EPA Registration No. 8119-11
Product Name: Corrys Slug and Snail Death
- Active Ingredient(s)
- METALDEHYDE
- Guarantee/concentration 3.25 %
7. b) Type of formulation.
Granular
Application Information
8. Product was applied?
Yes
9. Application Rate.
Unknown
10. Site pesticide was applied to (select all that apply).
Site: Res. - Out Home / Rés - à l'ext.maison
11. Provide any additional information regarding application (how it was applied, amount applied, the size of the area treated etc).
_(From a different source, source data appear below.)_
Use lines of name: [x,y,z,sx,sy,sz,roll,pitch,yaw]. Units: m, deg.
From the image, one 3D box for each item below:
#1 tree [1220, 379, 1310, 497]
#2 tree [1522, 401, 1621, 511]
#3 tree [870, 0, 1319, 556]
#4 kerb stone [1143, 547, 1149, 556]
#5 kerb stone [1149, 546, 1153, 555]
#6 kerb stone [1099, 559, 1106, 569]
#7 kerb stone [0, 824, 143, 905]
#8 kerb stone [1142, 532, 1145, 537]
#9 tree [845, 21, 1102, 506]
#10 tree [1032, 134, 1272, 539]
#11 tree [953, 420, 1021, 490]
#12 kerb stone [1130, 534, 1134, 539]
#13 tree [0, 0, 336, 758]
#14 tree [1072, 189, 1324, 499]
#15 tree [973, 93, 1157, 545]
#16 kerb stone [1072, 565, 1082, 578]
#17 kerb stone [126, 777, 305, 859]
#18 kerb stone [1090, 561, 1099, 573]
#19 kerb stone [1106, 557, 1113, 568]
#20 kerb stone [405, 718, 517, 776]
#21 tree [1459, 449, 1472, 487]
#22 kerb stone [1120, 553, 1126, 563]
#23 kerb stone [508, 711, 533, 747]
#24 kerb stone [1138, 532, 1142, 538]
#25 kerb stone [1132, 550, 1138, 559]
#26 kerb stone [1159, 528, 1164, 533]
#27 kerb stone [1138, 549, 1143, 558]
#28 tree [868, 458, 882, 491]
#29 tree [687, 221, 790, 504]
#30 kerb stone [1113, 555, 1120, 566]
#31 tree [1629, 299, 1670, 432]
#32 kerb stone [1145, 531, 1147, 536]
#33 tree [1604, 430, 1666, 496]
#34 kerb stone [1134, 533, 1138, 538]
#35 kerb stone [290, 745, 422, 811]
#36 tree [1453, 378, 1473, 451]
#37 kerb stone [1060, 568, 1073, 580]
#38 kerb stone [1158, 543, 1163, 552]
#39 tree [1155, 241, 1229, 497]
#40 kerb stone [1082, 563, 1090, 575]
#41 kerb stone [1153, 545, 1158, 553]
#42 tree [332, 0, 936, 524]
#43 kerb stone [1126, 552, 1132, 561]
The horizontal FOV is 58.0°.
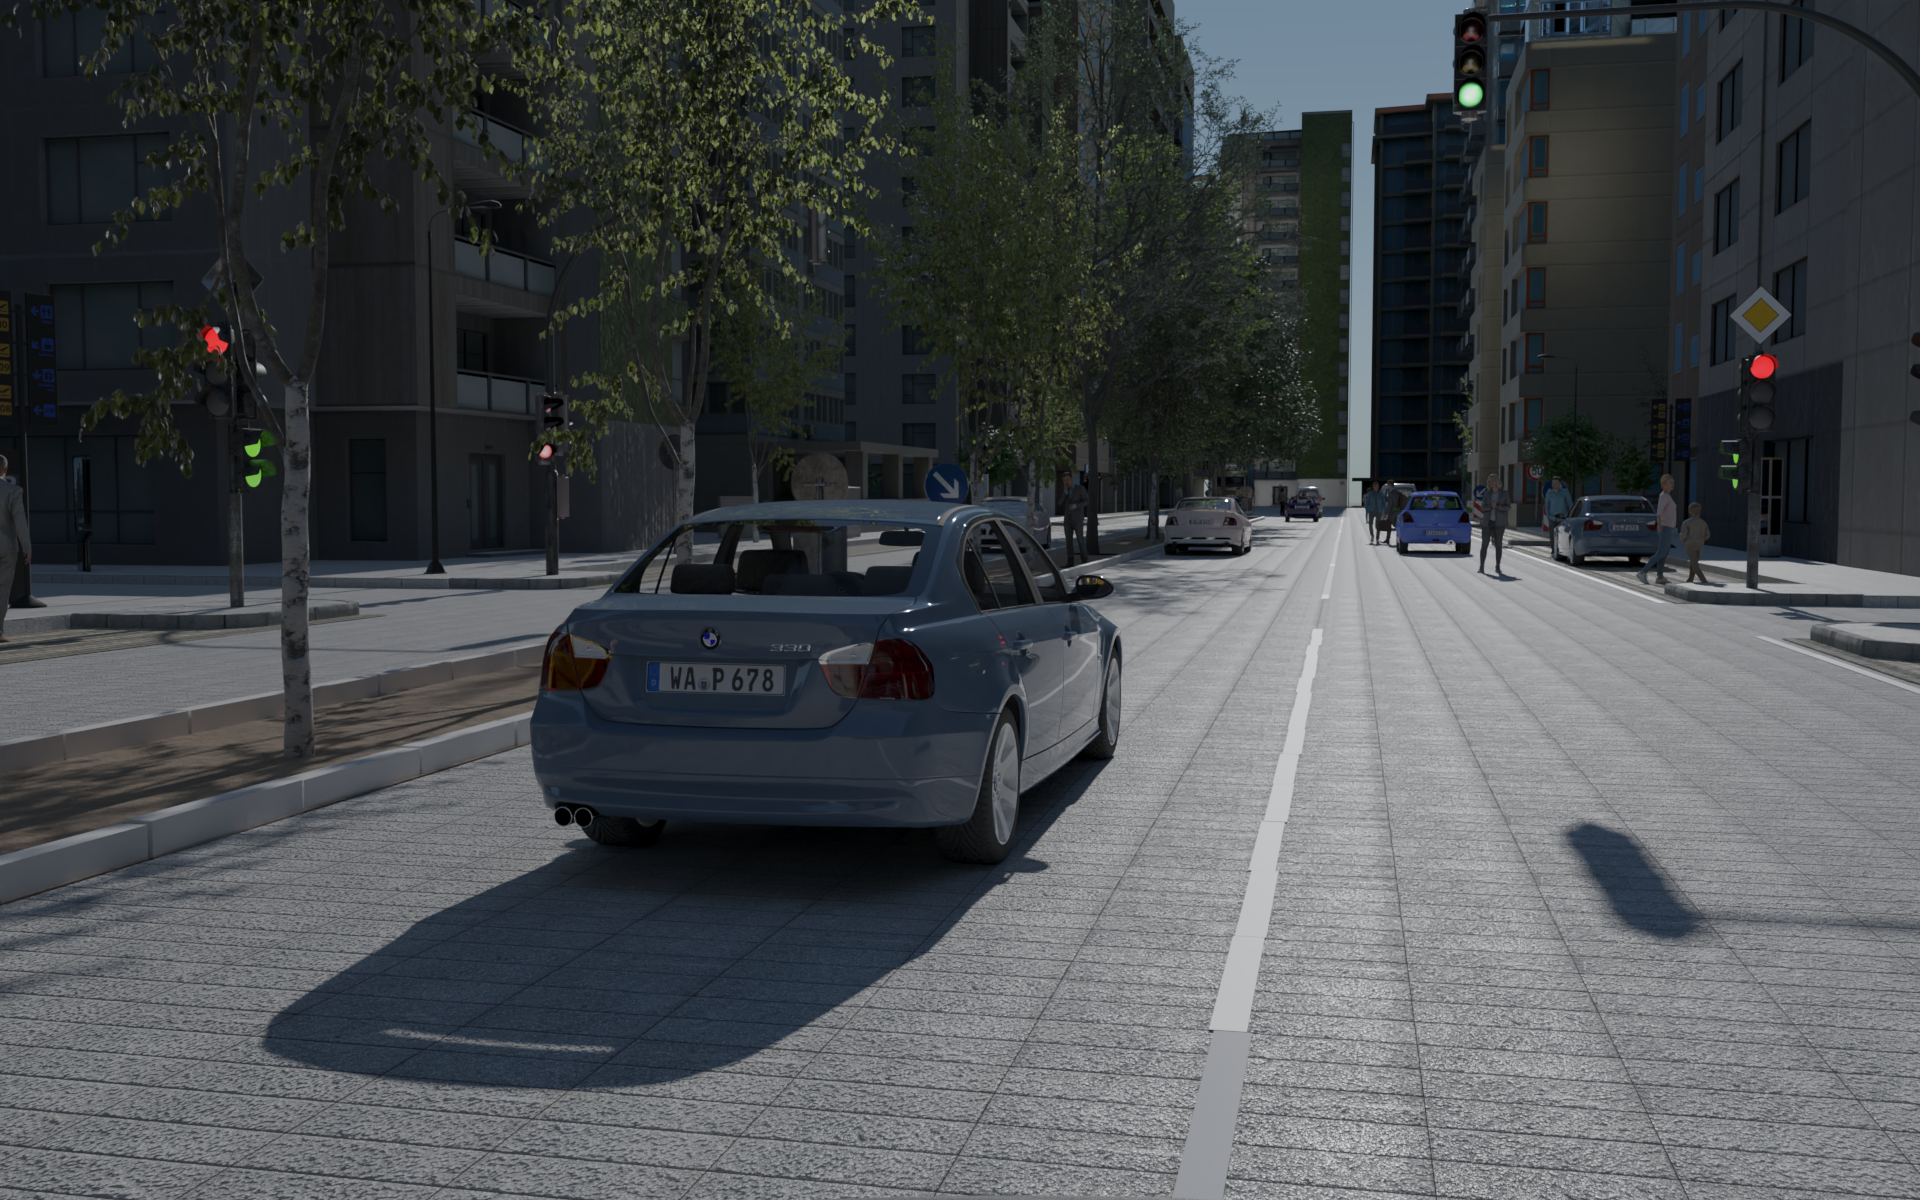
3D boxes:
tree: [13.215,-9.115,85.900,8.767,10.594,7.601,1,4,13]
tree: [21.457,-4.737,61.163,4.285,4.588,4.351,0,3,0]
tree: [3.093,-7.777,39.974,12.009,13.543,11.850,0,3,0]
kerb stone: [4.169,-1.080,39.852,0.120,0.150,1.000,1,4,13]
kerb stone: [4.386,-1.136,40.852,0.120,0.150,1.000,1,4,13]
kerb stone: [2.592,-0.651,32.844,0.120,0.150,1.000,1,4,13]
kerb stone: [-3.347,0.983,6.307,0.120,0.150,1.000,1,4,13]
kerb stone: [5.926,-2.147,57.324,0.120,0.150,1.000,1,4,13]
tree: [0.244,-4.526,26.821,4.737,8.622,4.395,0,3,0]
tree: [6.061,-8.193,54.545,7.486,12.596,7.792,0,3,0]
tree: [1.216,-5.658,76.230,4.285,4.588,4.351,0,3,0]
kerb stone: [5.251,-1.957,54.320,0.120,0.150,1.000,1,4,13]
tree: [-3.555,-3.460,9.391,4.360,8.622,3.978,0,3,0]
tree: [8.296,-8.772,62.887,9.611,12.733,9.660,0,3,0]
tree: [1.337,-4.845,32.042,4.360,8.622,3.978,0,3,0]
kerb stone: [1.923,-0.468,29.846,0.120,0.150,1.000,1,4,13]
kerb stone: [-3.120,0.911,7.302,0.120,0.150,1.000,1,4,13]
kerb stone: [2.372,-0.590,31.845,0.120,0.150,1.000,1,4,13]
kerb stone: [2.823,-0.710,33.843,0.120,0.150,1.000,1,4,13]
kerb stone: [-2.682,0.788,9.305,0.120,0.150,1.000,1,4,13]
tree: [32.705,-7.571,107.496,4.285,4.588,4.351,0,3,0]
kerb stone: [3.271,-0.835,35.846,0.120,0.150,1.000,1,4,13]
kerb stone: [-2.451,0.727,10.303,0.120,0.150,1.000,1,4,13]
kerb stone: [5.709,-2.087,56.324,0.120,0.150,1.000,1,4,13]
kerb stone: [3.718,-0.958,37.858,0.120,0.150,1.000,1,4,13]
kerb stone: [7.721,-2.638,65.327,0.120,0.150,1.000,1,4,13]
kerb stone: [3.935,-1.019,38.857,0.120,0.150,1.000,1,4,13]
tree: [-4.253,-5.061,77.350,1.663,3.219,1.824,0,3,0]
tree: [-5.214,-5.818,45.488,4.737,8.622,4.395,0,3,0]
kerb stone: [3.045,-0.773,34.841,0.120,0.150,1.000,1,4,13]
tree: [26.912,-6.916,63.441,4.360,8.622,3.978,0,3,0]
kerb stone: [6.155,-2.209,58.321,0.120,0.150,1.000,1,4,13]
tree: [20.253,-3.525,52.233,1.663,3.219,1.824,0,3,0]
kerb stone: [5.483,-2.026,55.315,0.120,0.150,1.000,1,4,13]
kerb stone: [-2.906,0.856,8.302,0.120,0.150,1.000,1,4,13]
tree: [30.712,-9.186,100.557,4.360,8.622,3.978,0,3,0]
kerb stone: [1.697,-0.407,28.844,0.120,0.150,1.000,1,4,13]
kerb stone: [4.838,-1.263,42.852,0.120,0.150,1.000,1,4,13]
tree: [5.447,-5.861,48.642,4.360,8.622,3.978,0,3,0]
kerb stone: [2.145,-0.529,30.848,0.120,0.150,1.000,1,4,13]
kerb stone: [4.612,-1.199,41.848,0.120,0.150,1.000,1,4,13]
tree: [-2.319,-3.794,14.845,4.360,8.622,3.978,0,3,0]
kerb stone: [3.487,-0.896,36.851,0.120,0.150,1.000,1,4,13]

To be determined by Registrant
12. In your opinion, was the product used according to the label instructions?
Unknown
Subform III: Domestic Animal Incident Report
1. Source of Report
Animal's Owner
2. Type of animal affected
Dog / Chien
3. Breed
Unknown
4. Number of animals affected
1
5. Sex
Female
6. Age (provide a range if necessary )
4
7. Weight (provide a range if necessary )
10
lbs
8. Route(s) of exposure
Oral
9. What was the length of exposure?
<=15 min / <=15 min
10. Time between exposure and onset of symptoms
Unknown / Inconnu
11. List all symptoms
System
- Nervous and Muscular Systems
- Symptom - Fasciculations
- Symptom - Seizure
12. How long did the symptoms last?
Persisted until death
13. Was medical treatment provided? Provide details in question 17.
Yes
14. a) Was the animal hospitalized?
Yes
14. b) How long was the animal hospitalized?
Unknown
15. Outcome of the incident
Died
16. How was the animal exposed?
Accidental ingestion/Ingestion accident.
17. Provide any additional details about the incident
(eg. description of the frequency and severity of the symptoms
1-22356800: The reporter, an animal owner, notified the registrant on 4/22/10 of the exposure of a 4 year old dog to a pesticide product containing the active ingredient Metaldehyde. The dog had ingested an unknown quantity of product 10 minutes prior to the call. The reporter was advised of the highly toxic nature of the active ingredient, even in small amounts. A recommendation was made to seek immediate veterinary care. Follow-up the next day revealed that two dogs (both females) were involved in the exposure. Both were taken to a veterinarian, where decontamination on both animals was done via gastric lavage. The 4 year old dog subsequently developed tremors and seizures and had died while under veterinary care. The second dog remained asymptomatic and was due to be discharged at the time of the callback.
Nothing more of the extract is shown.